Talks in the current context risk being seen as a reward for multiple breaches of the nuclear non-proliferation treaty. Many US diplomats, chiefly former members of the Bush administration now influential at the state department, believe that past talks not only failed, but were used as cover or even provided an incentive for Pyongyang to build its nuclear arsenal.
Six-party talks between Pyongyang, Beijing, Washington, Tokyo, Moscow and Seoul were launched by George W Bush in 2003 and lasted six rounds, but they did not achieve the right mix of carrot and stick, they believe, to persuade North Korea to end its nuclear programme.

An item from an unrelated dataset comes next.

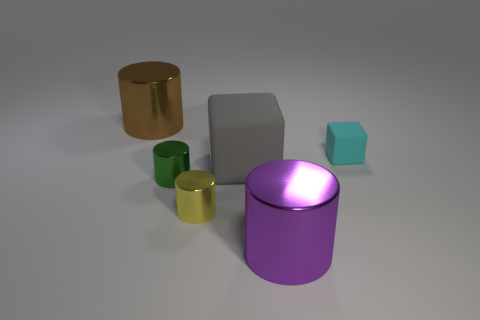Add 1 small shiny things. How many objects exist? 7 Subtract all blocks. How many objects are left? 4 Add 2 gray objects. How many gray objects exist? 3 Subtract 1 cyan blocks. How many objects are left? 5 Subtract all large yellow objects. Subtract all metallic cylinders. How many objects are left? 2 Add 4 rubber blocks. How many rubber blocks are left? 6

Defenders of the process, primarily China, argue the talks produced agreements, notably the September 2005 joint statement that outlined a step-by-step process intended to pave the way toward denuclearisation of the Korean peninsula. In the words of the chief US negotiator, Washington would in return respect North Korea’s sovereignty, allow an unimpeded civilian nuclear programme and economic aid and promise to establish a regional mechanism for maintaining peace and security.
US critics say the Bush administration foolishly backed away from these agreements and started to squeeze the North Korean economy, especially its key bank, Banco Delta Asia of Macau. The deal-breaker was North Korea’s insistence that US financial restrictions be part of the negotiations on its nuclear weapons. The US refused, with the Bush administration saying the sanctions were tied to North Korea’s criminal enterprises, not its nuclear programme.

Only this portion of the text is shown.